The tour lasted a fortnight, and we stopped at five iron and copper manufactories. I found it was not necessary to have much technical knowledge to make notes on what I saw; all I required was a little sound argument, especially in the matter of economy, which was the duke's main object. In one place I advised reforms, and in another I counselled the employment of more hands as likely to benefit the revenue. In one mine where thirty convicts were employed I ordered the construction of a short canal, by which three wheels could be turned and twenty men saved. Under my direction Lambert drew the plans, and made the measurements with perfect accuracy. By means of other canals I proposed to drain whole valleys, with a view to obtain the sulphur with which the soil was permeated.
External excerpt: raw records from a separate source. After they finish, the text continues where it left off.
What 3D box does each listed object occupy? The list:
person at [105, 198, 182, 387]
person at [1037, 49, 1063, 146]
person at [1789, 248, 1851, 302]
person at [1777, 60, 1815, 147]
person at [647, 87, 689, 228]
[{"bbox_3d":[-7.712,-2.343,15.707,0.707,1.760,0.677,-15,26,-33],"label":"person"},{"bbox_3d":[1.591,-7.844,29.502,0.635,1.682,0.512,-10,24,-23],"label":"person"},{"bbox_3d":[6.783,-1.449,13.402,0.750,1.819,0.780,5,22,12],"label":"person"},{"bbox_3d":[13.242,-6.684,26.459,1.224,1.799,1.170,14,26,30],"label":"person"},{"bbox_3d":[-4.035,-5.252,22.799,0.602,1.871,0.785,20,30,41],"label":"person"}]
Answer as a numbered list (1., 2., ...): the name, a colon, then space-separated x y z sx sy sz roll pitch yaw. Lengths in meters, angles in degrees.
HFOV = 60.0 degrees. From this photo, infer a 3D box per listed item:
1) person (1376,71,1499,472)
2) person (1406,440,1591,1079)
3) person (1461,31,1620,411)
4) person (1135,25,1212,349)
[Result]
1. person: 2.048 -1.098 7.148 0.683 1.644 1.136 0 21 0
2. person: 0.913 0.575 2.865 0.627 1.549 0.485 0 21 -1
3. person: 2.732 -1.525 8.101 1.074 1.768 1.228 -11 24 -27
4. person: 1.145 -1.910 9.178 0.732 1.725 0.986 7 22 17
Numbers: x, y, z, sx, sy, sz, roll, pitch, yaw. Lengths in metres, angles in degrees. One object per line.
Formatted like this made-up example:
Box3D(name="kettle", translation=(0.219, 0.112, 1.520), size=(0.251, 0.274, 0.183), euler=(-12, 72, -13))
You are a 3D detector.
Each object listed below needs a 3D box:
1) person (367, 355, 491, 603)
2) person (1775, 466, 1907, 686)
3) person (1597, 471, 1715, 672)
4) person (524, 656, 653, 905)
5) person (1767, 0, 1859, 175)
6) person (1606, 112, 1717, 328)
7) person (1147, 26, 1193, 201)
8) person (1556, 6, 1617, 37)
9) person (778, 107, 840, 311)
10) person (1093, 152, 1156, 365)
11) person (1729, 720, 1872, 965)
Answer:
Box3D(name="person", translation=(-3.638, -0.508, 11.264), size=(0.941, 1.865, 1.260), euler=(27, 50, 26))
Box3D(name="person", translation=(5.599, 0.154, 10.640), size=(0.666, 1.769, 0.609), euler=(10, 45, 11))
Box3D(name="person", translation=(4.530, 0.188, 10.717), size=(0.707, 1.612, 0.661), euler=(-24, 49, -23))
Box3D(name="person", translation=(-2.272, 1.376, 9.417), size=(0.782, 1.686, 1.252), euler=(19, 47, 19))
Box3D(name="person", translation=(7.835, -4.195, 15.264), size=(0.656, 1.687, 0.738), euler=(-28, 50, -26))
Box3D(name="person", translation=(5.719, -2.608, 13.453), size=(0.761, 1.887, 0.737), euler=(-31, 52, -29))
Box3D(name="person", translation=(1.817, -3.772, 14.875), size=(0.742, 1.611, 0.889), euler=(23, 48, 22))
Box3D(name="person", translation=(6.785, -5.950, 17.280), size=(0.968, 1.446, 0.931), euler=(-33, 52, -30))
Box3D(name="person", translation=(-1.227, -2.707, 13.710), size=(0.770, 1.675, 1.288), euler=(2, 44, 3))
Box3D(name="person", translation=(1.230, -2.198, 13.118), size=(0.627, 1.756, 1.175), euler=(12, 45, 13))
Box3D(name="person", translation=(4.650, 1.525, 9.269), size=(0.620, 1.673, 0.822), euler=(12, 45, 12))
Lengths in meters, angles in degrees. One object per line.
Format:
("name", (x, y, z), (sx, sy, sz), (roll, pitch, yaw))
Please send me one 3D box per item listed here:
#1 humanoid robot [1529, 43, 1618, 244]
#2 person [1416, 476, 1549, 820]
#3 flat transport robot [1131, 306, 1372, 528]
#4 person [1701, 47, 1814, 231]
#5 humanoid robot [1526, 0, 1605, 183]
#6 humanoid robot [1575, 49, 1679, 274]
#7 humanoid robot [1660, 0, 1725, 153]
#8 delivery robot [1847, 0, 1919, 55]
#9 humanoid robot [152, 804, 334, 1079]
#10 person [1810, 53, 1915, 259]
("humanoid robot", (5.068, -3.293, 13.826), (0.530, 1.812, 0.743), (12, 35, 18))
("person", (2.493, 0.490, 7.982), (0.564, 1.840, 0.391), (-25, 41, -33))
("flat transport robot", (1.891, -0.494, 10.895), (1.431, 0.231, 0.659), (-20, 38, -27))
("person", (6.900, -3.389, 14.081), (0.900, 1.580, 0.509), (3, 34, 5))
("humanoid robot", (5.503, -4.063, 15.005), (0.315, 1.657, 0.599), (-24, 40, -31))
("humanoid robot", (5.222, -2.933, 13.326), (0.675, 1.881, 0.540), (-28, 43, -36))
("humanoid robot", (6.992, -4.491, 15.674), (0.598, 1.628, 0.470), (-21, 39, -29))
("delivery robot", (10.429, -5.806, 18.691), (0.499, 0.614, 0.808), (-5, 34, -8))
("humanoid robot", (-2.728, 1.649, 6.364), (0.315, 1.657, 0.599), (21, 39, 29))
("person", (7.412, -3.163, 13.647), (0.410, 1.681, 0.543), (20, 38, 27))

I returned to Mitau quite delighted at having made myself useful, and at having discovered in myself a talent which I had never suspected. I spent the following day in making a fair copy of my report and in having the plans done on a larger scale. The day after I took the whole to the duke, who seemed well pleased; and as I was taking leave of him at the same time he said he would have me drive to Riga in one of his carriages, and he gave me a letter for his son, Prince Charles, who was in garrison there.
The worthy old man told me to say plainly whether I should prefer a jewel or a sum of money of equivalent value.
"From a philosopher like your highness," I replied, "I am not afraid to take money, for it may be more useful to me than jewels."
Without more ado he gave me a draft for four hundred albertsthalers, which I got cashed immediately, the albertsthaler being worth half a ducat. I bade farewell to the duchess, and dined a second time with M. de Kaiserling.
The next day the young chamberlain came to bring me the duke's letter, to wish me a pleasant journey, and to tell me that the Court carriage was at my door. I set out well pleased with the assistance the stuttering Lambert had given me, and by noon I was at Riga. The first thing I did was to deliver my letter of introduction to Prince Charles.